The News Media Alliance (NMA) has issued a report claiming that artificial intelligence (AI) developers extensively rely on unlawfully scraping copyrighted content from news publications and journalists to train their AI models. In a white paper and accompanying submission to the U.S. Copyright Office released on October 30, the NMA contends that the dataset used for AI model training incorporates more data from news publishers than any other source, leading to AI systems essentially "copying" and utilizing publishers' content, resulting in copyright infringement.
According to the NMA, many generative AI developers engage in scraping publisher content without authorization, employing it in both model training and real-time content generation. This not only infringes on publishers' copyrights but also creates a contentious relationship between news outlets and AI models. The NMA's argument emphasizes that publishers invest and undertake risks, while AI developers reap substantial benefits, including user engagement, data utilization, brand creation, and advertising revenue.
The NMA's submission to the Copyright Office highlights that publishers face reduced revenue, diminished job opportunities, and strained audience relations due to these practices. To address these issues, the NMA proposes that the Copyright Office declare the use of published content for monetizing AI systems as detrimental to publishers' interests. Additionally, the group calls for the implementation of various licensing models and transparency measures to restrict the use of copyrighted materials.
The NMA further recommends that the Copyright Office take measures to eliminate protected content from third-party websites. It is important to note that the NMA acknowledges the potential benefits of generative AI, emphasizing that publications and journalists can utilize AI for tasks such as proofreading, idea generation, and search engine optimization.

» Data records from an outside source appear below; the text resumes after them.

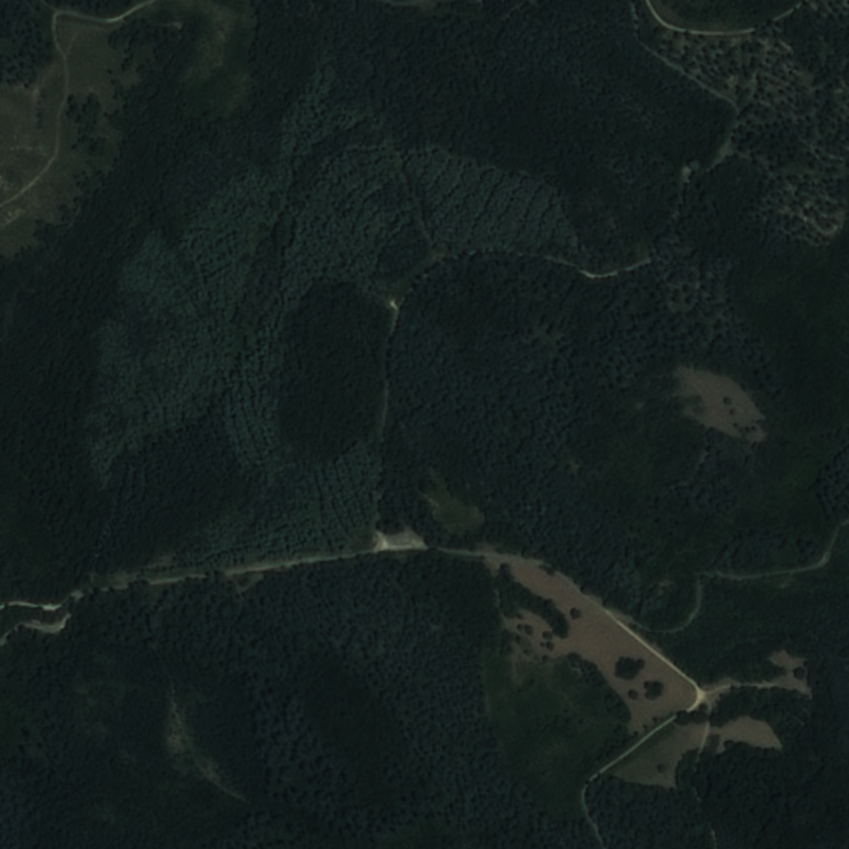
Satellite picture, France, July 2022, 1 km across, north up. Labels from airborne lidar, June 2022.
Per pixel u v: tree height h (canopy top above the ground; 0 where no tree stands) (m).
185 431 15
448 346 18
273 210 16
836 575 7
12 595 9
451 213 13
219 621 16
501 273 21
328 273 18
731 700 10
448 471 10
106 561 18
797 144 23
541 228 10
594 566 20
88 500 20
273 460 10
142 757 9
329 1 10
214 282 17
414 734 20
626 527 6
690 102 15
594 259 10
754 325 8
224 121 11
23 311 15
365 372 15
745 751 12
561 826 15
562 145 14
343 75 11
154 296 16
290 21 14
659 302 20
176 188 11
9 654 8
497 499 18
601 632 0
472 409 19
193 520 9
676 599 8
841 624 10
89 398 12
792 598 11
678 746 0
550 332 15
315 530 13
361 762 8
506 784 21
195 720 6
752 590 8
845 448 7
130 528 14
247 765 8
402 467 10
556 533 20
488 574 9
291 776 24
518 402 17
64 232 9
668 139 13
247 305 13
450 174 13
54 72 0
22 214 0
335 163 16
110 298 15
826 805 9
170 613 8
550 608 16
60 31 0
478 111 13
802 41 10
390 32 10
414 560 7
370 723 10
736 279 11
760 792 28
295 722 22
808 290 6
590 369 14
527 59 14
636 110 9
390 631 11
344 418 16
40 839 11
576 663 11
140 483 15
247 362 17
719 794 19
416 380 15
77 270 16
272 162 13
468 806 17
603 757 10
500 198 17
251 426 17
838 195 20
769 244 14
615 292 13
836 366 6
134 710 8
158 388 12
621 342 18
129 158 12
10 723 6
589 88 13
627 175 14
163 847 14
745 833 14
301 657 11
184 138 17
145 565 10
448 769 20
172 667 8
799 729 13
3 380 14
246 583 8
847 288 6
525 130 11
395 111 13
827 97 23
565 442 6
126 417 14
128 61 11
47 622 9
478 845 13
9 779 10
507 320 10
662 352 20
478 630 15
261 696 9
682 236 25
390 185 11
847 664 9
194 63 9
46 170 0
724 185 13
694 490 13
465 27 16
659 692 7
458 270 22
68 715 9
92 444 16
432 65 9
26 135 0
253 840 21
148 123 9
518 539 11
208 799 9
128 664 10
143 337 14
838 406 6
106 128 0
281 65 11
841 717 13
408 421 13
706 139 8
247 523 8
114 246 16
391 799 9
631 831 20
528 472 23
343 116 11
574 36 17
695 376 0
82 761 15
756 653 9
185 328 12
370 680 19
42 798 13
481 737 8
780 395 19
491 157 9
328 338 15
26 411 16
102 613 7
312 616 12
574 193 12
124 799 6
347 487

Over the past year, AI chatbots like OpenAI's ChatGPT, Google's Bard, and Anthropic's Claude have witnessed increased usage. However, the training methods of these AI models have faced criticism and legal challenges, with copyright infringement claims being raised in several instances. Notably, comedian Sarah Silverman filed a lawsuit in July against OpenAI and Meta, alleging that they used her copyrighted material without permission for training their AI systems.
Both OpenAI and Google have faced class-action lawsuits, with accusations of user information being unlawfully acquired for generative AI purposes. Google declared that it would assume legal responsibility in cases of copyright infringement allegations related to its generative AI products used on Google Cloud and Workspace, promising to handle potential legal risks. However, Google's Bard search tool did not enjoy protection under this promise of legal immunity.